This section first introduces the overall structure of an HMG and discusses the potential assumptions underlying the model. Subsequently, a tri-level robust interconnection planning model is formulated to address the uncertainties associated with RES units.

Fig. 1 illustrates a typical HMG structure involving two AC sub-microgrids (MGs) and two DC MGs with corresponding AC and DC loads, and distributed solar power generator (SPG), diesel engine (DG), and fuel cell (FC) units. The system is designed to directly support both AC and DC loads, minimizing conversion losses.
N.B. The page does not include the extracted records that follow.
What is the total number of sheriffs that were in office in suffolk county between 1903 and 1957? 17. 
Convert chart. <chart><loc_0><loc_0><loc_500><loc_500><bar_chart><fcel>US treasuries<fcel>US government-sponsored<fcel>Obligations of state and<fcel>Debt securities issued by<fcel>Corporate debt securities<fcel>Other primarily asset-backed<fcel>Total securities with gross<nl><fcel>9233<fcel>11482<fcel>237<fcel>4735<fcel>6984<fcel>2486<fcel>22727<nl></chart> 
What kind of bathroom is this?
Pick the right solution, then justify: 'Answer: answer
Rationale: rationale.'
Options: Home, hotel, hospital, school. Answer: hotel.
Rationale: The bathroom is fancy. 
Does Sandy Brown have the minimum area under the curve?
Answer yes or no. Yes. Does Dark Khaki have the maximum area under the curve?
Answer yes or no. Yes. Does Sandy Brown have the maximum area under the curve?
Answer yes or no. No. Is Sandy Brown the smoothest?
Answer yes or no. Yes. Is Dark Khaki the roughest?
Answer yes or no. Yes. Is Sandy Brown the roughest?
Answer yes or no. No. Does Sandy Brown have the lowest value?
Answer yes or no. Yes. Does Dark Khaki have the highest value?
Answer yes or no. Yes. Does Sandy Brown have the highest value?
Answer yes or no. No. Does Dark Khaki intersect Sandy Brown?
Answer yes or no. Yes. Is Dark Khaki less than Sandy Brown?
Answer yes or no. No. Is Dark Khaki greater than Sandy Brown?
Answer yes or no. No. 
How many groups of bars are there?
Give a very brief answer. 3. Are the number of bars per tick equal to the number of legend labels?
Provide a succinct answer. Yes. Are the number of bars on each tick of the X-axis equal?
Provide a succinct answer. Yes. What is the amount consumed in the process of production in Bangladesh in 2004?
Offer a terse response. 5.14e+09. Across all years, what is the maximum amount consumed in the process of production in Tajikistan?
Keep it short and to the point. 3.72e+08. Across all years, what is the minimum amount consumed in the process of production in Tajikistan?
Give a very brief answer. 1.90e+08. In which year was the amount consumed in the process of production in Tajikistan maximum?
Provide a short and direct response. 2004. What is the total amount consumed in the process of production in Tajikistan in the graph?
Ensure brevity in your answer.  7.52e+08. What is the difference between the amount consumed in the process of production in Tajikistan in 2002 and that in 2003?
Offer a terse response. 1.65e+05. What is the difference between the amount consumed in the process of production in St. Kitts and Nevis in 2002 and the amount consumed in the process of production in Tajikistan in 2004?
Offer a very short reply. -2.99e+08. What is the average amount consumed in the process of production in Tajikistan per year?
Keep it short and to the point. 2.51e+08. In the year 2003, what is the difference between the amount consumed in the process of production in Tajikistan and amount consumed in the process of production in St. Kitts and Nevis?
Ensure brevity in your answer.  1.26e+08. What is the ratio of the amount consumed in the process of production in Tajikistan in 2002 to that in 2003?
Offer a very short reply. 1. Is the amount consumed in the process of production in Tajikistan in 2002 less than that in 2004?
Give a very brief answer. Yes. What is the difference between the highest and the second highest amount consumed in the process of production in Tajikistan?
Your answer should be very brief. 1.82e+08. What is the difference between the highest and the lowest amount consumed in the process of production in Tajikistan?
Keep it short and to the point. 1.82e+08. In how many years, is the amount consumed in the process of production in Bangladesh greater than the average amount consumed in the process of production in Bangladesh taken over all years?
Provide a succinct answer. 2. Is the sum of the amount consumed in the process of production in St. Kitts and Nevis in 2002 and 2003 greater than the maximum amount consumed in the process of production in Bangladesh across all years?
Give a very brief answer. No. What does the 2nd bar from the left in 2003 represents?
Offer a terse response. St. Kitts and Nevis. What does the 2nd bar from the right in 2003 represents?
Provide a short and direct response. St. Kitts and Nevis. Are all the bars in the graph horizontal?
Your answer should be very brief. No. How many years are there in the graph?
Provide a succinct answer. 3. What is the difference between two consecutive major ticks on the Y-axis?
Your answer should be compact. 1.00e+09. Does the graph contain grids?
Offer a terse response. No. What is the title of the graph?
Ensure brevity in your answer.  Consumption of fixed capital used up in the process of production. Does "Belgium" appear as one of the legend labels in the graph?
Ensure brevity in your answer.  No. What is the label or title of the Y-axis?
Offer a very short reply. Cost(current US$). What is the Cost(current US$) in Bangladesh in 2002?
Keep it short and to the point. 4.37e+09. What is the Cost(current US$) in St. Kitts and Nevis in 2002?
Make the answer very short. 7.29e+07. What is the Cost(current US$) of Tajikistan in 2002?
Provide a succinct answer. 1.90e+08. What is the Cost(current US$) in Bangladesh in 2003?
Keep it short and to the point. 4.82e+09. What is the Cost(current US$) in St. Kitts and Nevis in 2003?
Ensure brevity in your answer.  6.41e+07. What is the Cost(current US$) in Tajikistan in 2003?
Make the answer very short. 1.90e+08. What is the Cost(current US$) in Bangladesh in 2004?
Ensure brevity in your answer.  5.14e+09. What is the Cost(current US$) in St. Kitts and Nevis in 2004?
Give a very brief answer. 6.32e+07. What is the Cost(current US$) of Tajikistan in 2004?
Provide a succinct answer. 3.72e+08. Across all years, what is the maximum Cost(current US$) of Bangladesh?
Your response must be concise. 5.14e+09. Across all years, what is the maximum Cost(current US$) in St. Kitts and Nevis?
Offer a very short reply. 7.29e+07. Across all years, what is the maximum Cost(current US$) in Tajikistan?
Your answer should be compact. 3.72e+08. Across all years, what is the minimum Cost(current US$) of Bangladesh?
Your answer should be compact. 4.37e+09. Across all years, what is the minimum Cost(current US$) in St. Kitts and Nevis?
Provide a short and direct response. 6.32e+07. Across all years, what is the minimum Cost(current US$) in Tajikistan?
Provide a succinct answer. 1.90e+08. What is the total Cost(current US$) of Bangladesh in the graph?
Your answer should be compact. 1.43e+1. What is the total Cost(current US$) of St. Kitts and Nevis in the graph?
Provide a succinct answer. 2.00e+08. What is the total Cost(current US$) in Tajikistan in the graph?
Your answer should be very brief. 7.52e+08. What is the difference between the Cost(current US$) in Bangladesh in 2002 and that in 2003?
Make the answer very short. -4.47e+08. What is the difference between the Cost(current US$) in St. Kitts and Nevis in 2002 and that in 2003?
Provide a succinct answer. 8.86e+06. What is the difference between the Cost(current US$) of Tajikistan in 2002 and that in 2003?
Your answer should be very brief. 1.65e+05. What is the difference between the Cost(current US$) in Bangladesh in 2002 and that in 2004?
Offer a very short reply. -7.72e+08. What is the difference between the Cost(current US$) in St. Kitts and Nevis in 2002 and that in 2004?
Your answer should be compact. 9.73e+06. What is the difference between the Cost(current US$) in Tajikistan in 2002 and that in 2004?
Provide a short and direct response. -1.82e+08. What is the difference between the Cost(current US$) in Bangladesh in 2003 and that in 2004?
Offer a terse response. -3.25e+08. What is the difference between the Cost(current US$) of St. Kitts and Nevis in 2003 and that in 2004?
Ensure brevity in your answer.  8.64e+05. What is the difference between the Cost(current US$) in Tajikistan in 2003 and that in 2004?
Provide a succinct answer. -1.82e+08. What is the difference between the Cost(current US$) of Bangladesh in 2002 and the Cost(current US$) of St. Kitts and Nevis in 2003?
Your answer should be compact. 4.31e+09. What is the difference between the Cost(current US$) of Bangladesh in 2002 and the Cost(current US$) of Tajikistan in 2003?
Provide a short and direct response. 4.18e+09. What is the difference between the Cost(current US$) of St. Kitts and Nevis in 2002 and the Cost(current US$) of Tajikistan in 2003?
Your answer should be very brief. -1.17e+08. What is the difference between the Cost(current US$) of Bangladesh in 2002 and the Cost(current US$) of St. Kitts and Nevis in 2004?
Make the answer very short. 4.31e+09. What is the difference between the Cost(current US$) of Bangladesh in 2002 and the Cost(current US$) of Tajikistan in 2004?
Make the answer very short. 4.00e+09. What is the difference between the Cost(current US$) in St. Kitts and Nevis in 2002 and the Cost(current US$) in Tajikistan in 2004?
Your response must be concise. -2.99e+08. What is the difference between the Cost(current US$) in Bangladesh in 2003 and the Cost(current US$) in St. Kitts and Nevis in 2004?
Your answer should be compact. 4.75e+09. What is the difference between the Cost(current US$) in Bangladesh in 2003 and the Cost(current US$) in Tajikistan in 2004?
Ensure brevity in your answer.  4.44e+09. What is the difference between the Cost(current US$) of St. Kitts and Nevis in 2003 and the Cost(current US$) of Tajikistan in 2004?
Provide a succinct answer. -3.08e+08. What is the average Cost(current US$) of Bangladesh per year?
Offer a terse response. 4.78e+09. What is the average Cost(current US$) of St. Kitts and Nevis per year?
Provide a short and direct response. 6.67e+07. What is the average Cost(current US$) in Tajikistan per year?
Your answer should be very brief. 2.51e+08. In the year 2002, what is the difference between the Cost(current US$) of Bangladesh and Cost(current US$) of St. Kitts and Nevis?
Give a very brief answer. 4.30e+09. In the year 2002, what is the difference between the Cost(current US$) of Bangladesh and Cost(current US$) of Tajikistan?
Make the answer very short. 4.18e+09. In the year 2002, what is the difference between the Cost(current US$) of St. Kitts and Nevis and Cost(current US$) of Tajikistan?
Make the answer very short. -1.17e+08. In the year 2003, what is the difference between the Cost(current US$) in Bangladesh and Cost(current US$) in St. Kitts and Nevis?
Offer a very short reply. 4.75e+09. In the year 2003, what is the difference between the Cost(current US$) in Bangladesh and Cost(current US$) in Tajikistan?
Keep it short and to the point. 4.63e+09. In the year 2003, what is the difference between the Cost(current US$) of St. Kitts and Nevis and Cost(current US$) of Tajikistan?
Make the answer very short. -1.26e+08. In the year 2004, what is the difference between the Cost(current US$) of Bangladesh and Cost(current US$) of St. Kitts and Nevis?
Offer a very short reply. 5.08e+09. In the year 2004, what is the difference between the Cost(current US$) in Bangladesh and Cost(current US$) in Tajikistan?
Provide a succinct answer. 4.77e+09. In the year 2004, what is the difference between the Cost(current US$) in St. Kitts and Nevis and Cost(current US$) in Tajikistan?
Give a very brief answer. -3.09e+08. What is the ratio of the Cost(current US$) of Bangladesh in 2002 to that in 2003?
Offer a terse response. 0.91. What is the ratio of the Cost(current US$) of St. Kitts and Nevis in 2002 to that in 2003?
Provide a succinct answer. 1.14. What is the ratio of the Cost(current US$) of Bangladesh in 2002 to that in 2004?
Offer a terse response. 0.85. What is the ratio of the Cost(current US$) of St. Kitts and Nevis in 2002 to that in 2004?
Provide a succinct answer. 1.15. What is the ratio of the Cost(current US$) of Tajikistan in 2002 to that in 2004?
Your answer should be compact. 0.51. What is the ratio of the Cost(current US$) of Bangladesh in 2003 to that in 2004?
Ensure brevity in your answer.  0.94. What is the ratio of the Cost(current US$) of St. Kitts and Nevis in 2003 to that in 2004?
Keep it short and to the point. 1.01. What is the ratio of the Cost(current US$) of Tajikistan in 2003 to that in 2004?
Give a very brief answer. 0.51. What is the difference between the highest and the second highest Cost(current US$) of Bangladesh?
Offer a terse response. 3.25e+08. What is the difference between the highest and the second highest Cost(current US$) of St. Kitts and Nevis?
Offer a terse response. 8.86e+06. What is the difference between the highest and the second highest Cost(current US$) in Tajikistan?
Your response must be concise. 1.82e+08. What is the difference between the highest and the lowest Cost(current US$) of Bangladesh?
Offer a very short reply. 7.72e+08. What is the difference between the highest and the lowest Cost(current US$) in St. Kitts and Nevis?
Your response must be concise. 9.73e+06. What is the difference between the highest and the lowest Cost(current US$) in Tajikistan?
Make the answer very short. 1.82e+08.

For instance, DC loads (e.g., data centers or electric vehicles) are powered directly from the DC MG, while AC loads (e.g., residential appliances) are supplied directly by the AC MG. BdCs enable power flow between the AC and DC MGs, facilitating flexibility in power sharing across subsystems [15]. This structure leverages the benefits of both AC and DC MGs, supporting diverse energy resources and load types.

It is important to note that BdCs and multi-terminal energy routers (MERs) are two key technologies for interconnecting different microgrids [30]. While both enable power flow and energy exchange, they differ in terms of complexity, scalability, and cost. MERs are a promising solution for highly scalable and advanced multi-microgrid systems, whereas BdCs offer a practical and cost-effective alternative for many applications. This study focuses on BdC-based interconnection planning due to its lower cost, ease of implementation, and technological maturity. Nonetheless, the proposed tri-level robust interconnection planning model is flexible enough to incorporate MERs without requiring structural modifications.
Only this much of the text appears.